Computer Vision has been a hot topic of discussion because of the hype around it’s potential uses from autonomous cars to drones delivery and everything in-between. The field is so fast evolving that a technique barely gets into production and a better technique is introduced. When it comes to its application in autonomous cars, we have seen a shortcoming with the input format from camera i.e. images. Because of their two dimensionality, while object detection is quick and easy, there are a lot of edge cases that limit our ability to get 100% accuracy for the risky task of autonomous driving. There have been a lot of alternatives introduced that try to overcome the shortcoming of 2D object detection. One of those alternatives is the introduction of PseudoLidar where we convert the information incoming from cameras i.e. images or videos into 3D point clouds and then, run the 3D object detection networks on those pseudoLidar representations.

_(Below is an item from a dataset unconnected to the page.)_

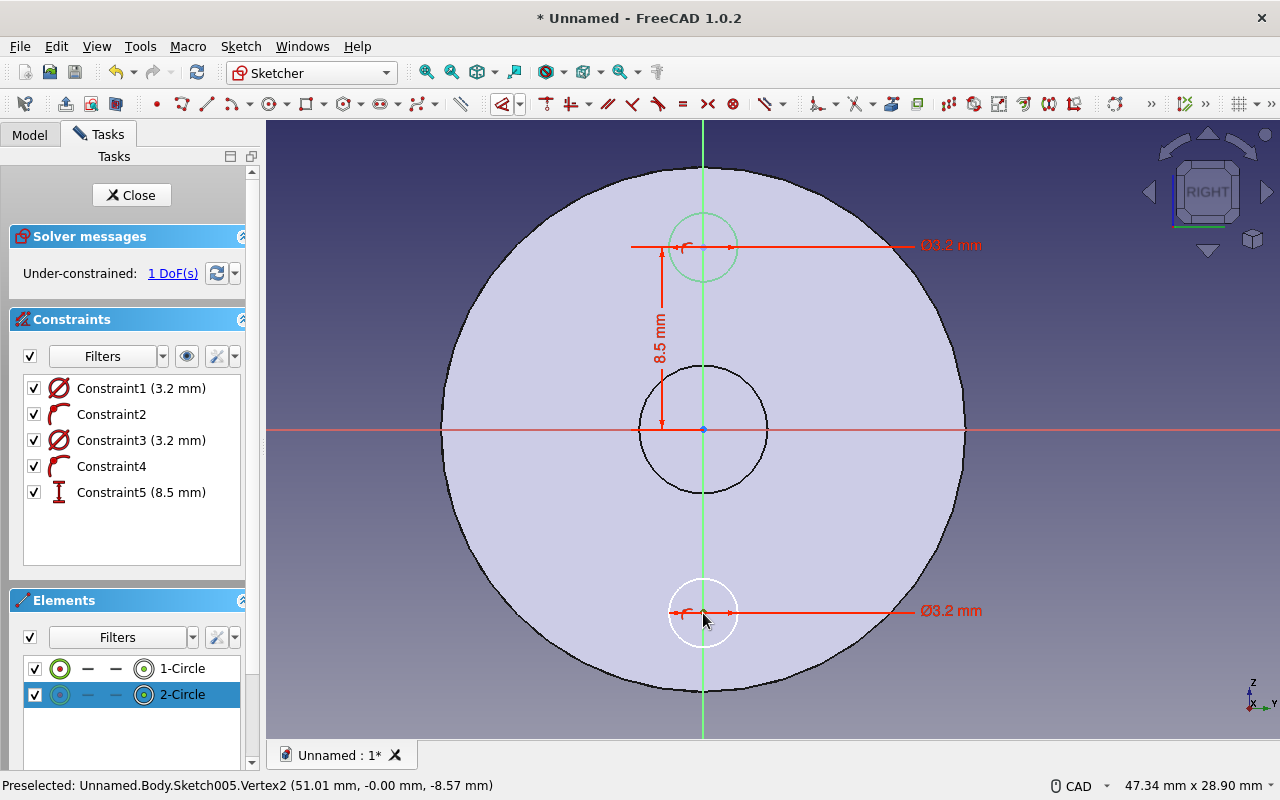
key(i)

The PseudoLidar paper uses PSMNet model to first train the model on disparities between stereo images but this technique could also be used for monocular images. The outptu of the disparities is then converted into Pseudolidar representations. The object detection model Frustum PointNets then takes as input the predicted point clouds to make 3D object detection on PseudoLidar point clouds.
The 4D Sptio-Temporal Object Detection makes use of Minkowski Engine Library that is designed for processing Sparse tensors. Goal is to perform ablation study to see whether the Frustum PointNet approach is better than the Sparse Tensors approach. The details about these models and how they approach the problem of 3D object detection and then, 4D object detection will be discussed in the future posts.